:: INFORMATION SUPPLIED

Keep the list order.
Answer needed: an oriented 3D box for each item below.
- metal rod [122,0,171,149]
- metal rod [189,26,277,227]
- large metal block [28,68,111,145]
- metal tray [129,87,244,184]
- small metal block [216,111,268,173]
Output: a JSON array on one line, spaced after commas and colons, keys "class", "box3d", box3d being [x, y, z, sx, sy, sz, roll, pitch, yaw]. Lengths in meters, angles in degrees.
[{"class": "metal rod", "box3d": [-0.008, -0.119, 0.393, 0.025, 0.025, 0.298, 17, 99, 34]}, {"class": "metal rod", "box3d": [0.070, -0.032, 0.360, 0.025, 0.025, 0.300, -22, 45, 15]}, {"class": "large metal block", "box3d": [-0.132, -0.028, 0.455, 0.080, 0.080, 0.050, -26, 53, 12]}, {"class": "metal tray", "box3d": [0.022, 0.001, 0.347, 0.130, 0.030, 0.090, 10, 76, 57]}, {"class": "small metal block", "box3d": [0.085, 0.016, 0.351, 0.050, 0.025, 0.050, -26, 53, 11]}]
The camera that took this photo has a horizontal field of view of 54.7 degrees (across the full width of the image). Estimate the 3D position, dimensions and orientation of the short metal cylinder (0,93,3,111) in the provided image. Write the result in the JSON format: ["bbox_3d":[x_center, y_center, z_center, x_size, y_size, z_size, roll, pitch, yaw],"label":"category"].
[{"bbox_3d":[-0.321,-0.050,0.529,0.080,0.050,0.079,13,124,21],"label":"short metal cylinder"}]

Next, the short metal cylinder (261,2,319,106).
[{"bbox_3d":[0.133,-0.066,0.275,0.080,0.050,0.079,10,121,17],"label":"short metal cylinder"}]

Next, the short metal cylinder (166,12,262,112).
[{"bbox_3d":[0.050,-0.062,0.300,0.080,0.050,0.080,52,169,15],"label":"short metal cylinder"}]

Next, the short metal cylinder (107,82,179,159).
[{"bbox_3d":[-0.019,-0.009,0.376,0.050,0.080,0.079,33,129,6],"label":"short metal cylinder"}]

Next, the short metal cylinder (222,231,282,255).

::::

_EXERCISE GOAL:_ All lines from the one containing "Next, the short metal cylinder (261,2,319,106)." to the end of the data above are to be set down exactly; no others belong in the answer.

_EXERCISE RESULT:_
Next, the short metal cylinder (261,2,319,106).
[{"bbox_3d":[0.133,-0.066,0.275,0.080,0.050,0.079,10,121,17],"label":"short metal cylinder"}]

Next, the short metal cylinder (166,12,262,112).
[{"bbox_3d":[0.050,-0.062,0.300,0.080,0.050,0.080,52,169,15],"label":"short metal cylinder"}]

Next, the short metal cylinder (107,82,179,159).
[{"bbox_3d":[-0.019,-0.009,0.376,0.050,0.080,0.079,33,129,6],"label":"short metal cylinder"}]

Next, the short metal cylinder (222,231,282,255).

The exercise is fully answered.